Given information:
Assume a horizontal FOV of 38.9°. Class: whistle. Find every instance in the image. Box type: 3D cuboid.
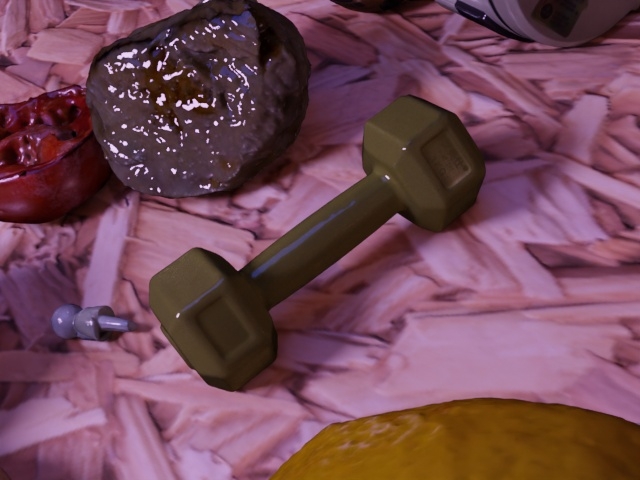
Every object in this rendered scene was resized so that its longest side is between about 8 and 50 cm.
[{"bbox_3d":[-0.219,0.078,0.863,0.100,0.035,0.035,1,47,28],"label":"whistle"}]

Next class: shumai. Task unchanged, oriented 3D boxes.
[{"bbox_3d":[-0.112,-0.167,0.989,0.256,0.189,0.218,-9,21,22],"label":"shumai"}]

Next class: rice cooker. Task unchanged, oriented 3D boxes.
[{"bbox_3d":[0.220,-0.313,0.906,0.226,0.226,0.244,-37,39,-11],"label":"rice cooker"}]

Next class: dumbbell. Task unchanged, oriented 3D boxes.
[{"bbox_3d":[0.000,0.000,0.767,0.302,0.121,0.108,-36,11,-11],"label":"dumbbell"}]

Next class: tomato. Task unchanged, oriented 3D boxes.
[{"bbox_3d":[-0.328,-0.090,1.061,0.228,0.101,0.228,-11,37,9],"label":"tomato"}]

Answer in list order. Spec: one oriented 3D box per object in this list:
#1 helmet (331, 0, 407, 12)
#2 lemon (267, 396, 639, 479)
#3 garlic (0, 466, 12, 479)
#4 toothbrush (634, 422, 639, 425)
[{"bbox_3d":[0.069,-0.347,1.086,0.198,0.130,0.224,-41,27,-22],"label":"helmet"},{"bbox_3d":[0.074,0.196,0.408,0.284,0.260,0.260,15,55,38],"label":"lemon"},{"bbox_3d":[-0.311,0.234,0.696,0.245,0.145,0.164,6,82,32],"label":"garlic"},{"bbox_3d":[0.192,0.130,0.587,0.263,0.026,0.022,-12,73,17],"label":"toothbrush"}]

--

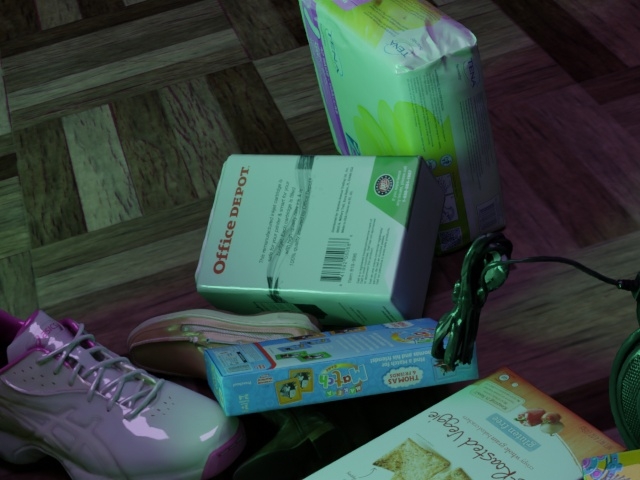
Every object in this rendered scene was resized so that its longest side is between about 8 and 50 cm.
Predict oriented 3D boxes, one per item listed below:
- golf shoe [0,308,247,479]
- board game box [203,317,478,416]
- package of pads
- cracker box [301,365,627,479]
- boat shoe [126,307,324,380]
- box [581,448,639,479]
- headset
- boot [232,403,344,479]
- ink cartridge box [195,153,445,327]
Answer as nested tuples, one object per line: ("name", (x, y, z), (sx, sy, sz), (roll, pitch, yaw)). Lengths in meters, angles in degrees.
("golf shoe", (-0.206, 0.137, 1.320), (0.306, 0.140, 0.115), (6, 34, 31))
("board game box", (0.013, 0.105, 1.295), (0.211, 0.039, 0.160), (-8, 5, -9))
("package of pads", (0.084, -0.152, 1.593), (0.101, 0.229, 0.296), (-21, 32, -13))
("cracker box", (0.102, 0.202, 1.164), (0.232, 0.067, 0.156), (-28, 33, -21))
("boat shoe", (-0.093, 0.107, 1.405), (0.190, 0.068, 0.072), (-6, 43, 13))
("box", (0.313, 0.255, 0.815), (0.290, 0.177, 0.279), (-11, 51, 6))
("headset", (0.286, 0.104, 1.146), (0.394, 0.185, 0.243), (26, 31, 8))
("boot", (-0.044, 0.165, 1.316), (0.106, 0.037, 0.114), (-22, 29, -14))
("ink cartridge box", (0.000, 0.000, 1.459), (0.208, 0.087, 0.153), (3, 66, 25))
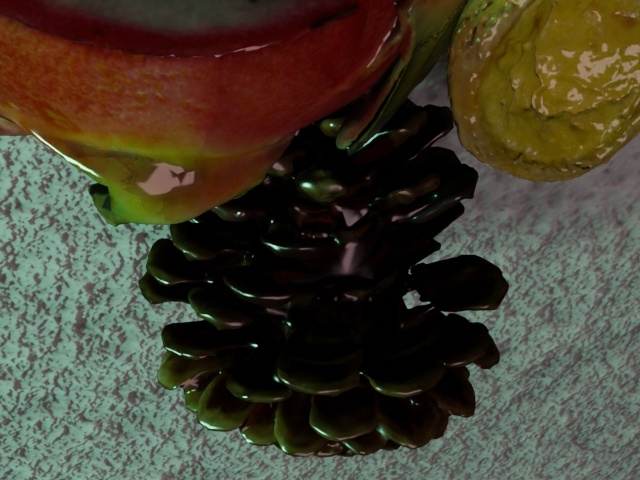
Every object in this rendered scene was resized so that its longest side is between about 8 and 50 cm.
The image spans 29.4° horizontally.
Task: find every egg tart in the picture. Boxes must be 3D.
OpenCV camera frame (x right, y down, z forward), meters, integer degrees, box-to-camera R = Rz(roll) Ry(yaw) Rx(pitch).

* * *

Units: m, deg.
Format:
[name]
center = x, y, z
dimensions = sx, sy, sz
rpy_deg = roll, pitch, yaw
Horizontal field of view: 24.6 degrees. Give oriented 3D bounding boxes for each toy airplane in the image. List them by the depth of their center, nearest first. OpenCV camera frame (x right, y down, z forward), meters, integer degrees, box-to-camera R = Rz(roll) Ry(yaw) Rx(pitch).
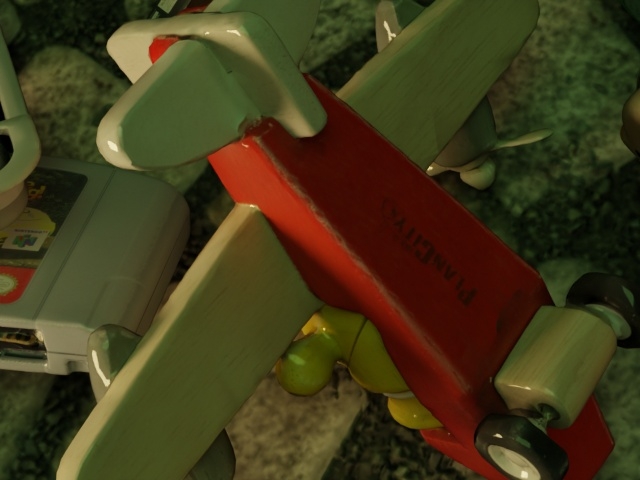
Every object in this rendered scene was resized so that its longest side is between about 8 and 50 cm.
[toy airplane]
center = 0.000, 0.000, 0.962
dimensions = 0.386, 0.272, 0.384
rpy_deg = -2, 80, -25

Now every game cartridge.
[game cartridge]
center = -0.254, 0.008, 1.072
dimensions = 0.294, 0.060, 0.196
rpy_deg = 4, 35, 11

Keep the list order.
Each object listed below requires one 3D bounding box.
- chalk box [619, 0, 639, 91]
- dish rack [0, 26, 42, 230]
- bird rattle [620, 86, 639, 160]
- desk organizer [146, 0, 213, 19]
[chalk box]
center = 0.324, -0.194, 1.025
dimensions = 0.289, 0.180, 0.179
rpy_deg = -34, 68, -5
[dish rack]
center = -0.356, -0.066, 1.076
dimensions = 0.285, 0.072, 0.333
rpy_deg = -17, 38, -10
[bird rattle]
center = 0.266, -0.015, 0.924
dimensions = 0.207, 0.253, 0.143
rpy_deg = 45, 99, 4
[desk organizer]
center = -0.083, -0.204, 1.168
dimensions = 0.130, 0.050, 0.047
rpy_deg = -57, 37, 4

Problem to work on: Show each line of the material holding "listed".

Answer to the exercise:
Predict oriented 3D boxes, one per item listed below:
Each object listed below requires one 3D bounding box.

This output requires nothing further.